While ATMs have added some convenience to our lives, a few risks have also popped up. ATM's give criminals another opportunity to get at your money, and you should take steps to reduce your risk. Most of us can stay out of trouble with simple common sense, but you should periodically review some proven tactics. Follow these simple tips, and you'll improve your odds against the scammers.
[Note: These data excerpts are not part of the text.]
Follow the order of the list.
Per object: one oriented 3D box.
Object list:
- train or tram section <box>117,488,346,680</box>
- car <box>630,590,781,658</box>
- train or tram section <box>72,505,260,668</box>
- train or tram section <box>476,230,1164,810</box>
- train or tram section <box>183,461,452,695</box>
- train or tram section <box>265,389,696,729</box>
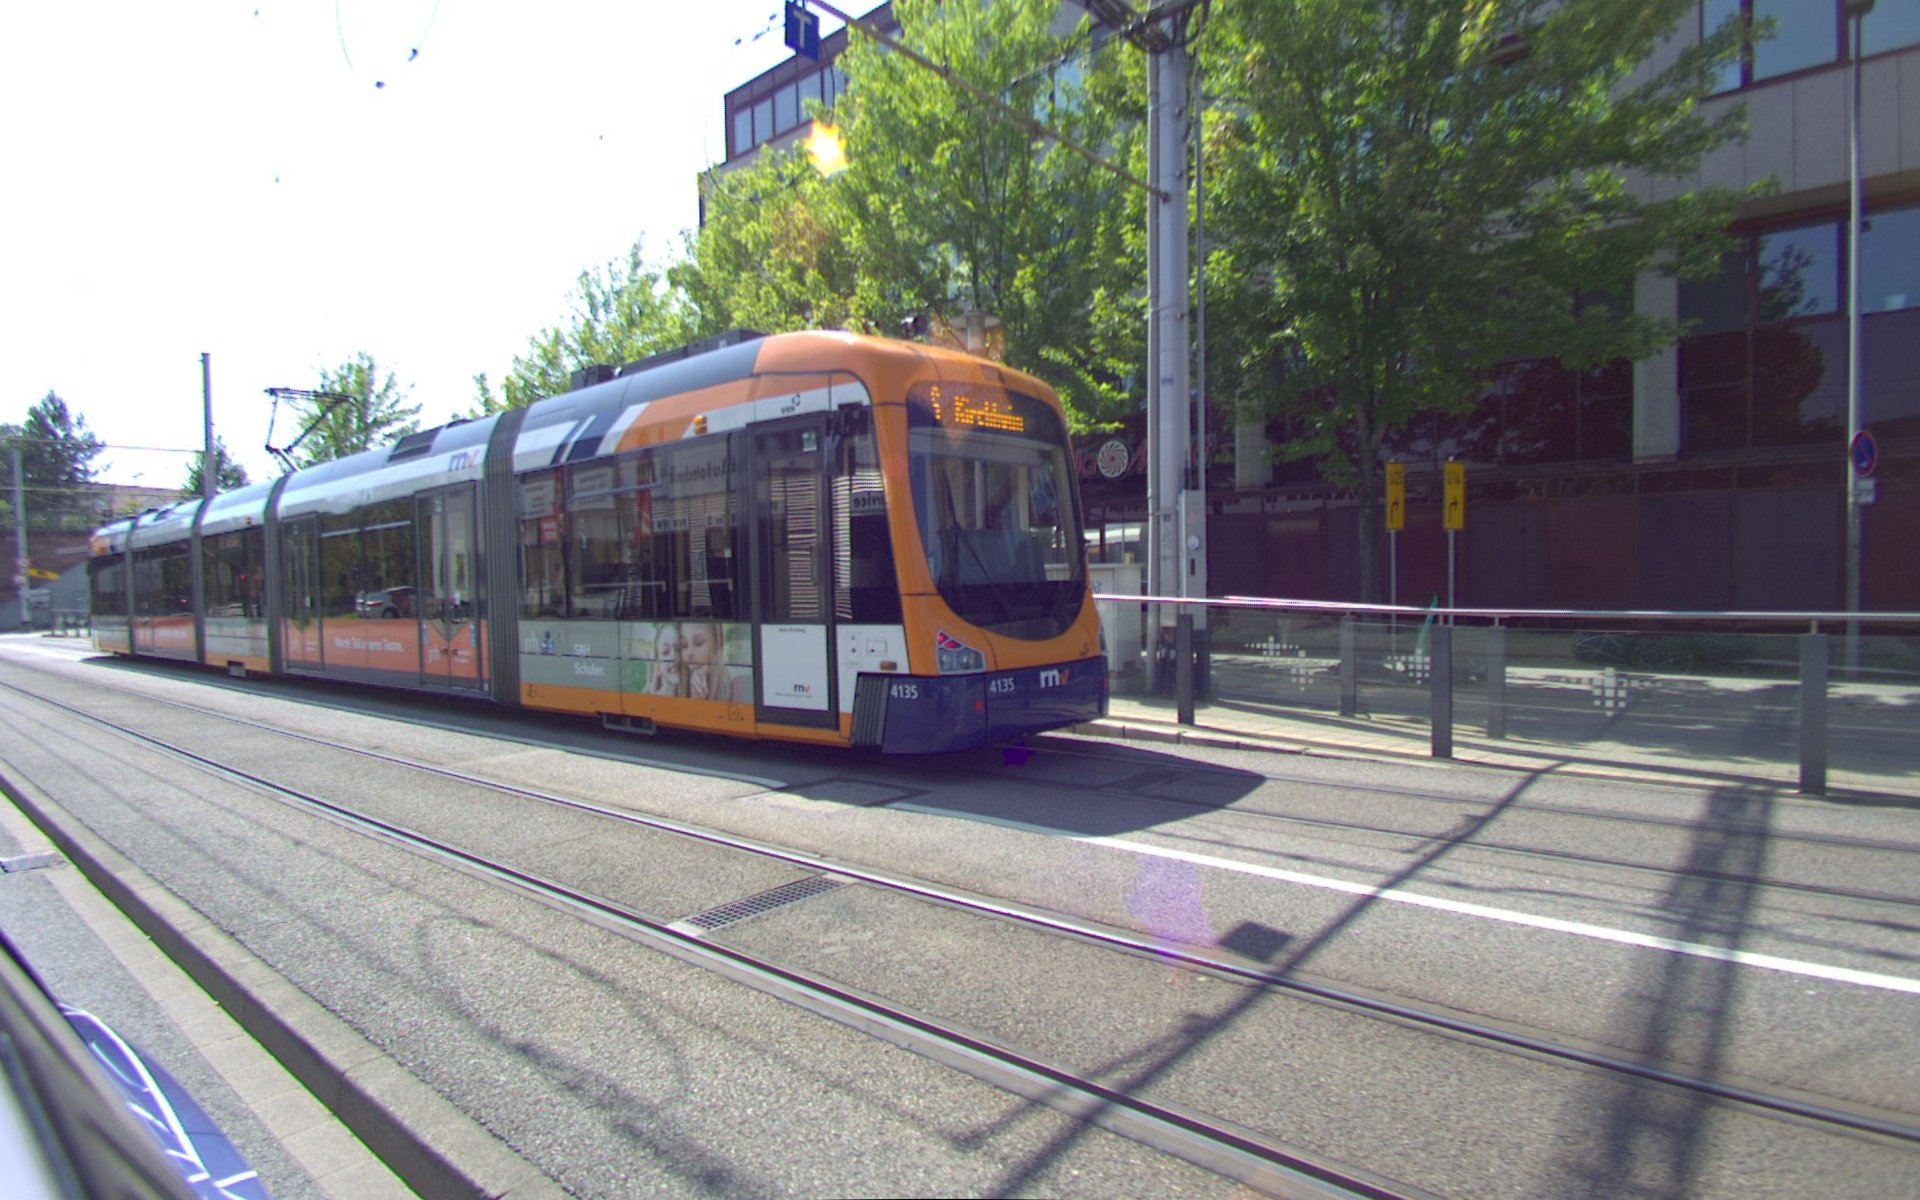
[{"bbox_3d":[-15.395,-0.274,21.252,5.840,3.473,2.584,-1,0,41],"label":"train or tram section"},{"bbox_3d":[-6.357,0.575,25.083,3.903,1.474,1.704,-1,2,42],"label":"car"},{"bbox_3d":[-19.759,-0.284,25.073,5.739,3.559,2.584,-1,0,41],"label":"train or tram section"},{"bbox_3d":[-1.637,-0.463,9.128,6.359,3.473,2.554,-1,0,41],"label":"train or tram section"},{"bbox_3d":[-11.303,-0.318,17.669,5.008,3.473,2.584,-1,0,41],"label":"train or tram section"},{"bbox_3d":[-6.748,-0.398,13.631,7.133,3.473,2.553,-1,0,41],"label":"train or tram section"}]

  • Look over the machine before inserting your card. If you see something that looks unfamiliar on the machine, it could be part of an ATM scam. Card skimmers (external readers) and hidden cameras can be used to compromise a bank account. Bottom line: if it looks funny, look for another ATM machine. Remember, skimmers can also be placed on gas station pumps or anywhere else you slide a card.
  • Skimmers may be installed on ATM machines, and sometimes you can’t even notice them. A small device goes over the normal card reading slot and reads your card's magnetic stripe.
  • Use secure ATM machines, ones that are equipped with video surveillance or inside of a bank lobby. They're less likely to be tampered with. Thieves have to take more risk installing skimmers where there are security cameras.
  • We've all heard the stories about carjacking. Think how much more attractive you are as a target with cash-in-hand. When your car is stopped and you're picking up cash, just take the half-second required to lock your car doors and keep crooks out.
  • Have someone accompany you to the ATM if possible.
  • Fill out banking forms ahead of time.
  • Spend a minimum amount of time at the ATM.
  • As you approach the ATM, be aware of your surroundings. If you notice something or someone suspicious, go to another ATM or come back later.
  • Do not use an ATM that appears unusual looking or offers options with which you are not familiar or comfortable.
  • Make sure the lighting around the ATM is adequate, if not, go to another ATM and notify the financial institution.
  • Make sure your cars passenger windows are up and all doors are locked when using drive-up ATM's.
  • Be wary of people trying to "help" you with your ATM transaction.
  • Do not allow people to look over your shoulder as you enter your pin code. Cover the ATM keypad as you're entering your PIN -- just in case there's a hidden camera around. And be cautious of people around you with cell phones since many of them are now equipped with camera/video capabilities.
  • Do not re-enter your pin if the ATM "eats" your card - contact a bank official immediately.
  • DO NOT write your pin number on the back of your card.
  • Do not display cash, pocket it and count it later in your car or at home.
  • Immediately report all lost or stolen cards to your bank.
  • Never share your Personal Identification Number (PIN) or give it out over the telephone even if the caller identifies himself or herself as your banker or a police officer.
  • Closely monitor your bank statements, as well as your balance and immediately report any problems to your bank.

Parking Lot

  • Be alert to your surroundings and other people around you.
  • Never display cash in a financial institution parking lot, if possible not even a "bank bag".
  • When you conduct banking business during the evening hours, if it is dark, have someone accompany you.
  • Park as near as possible to your destination, such as the branch entrance, ATM or night depository.
  • Establish your banking relationship with a financial institution that provides an obviously safe and secure environment, including the parking lot.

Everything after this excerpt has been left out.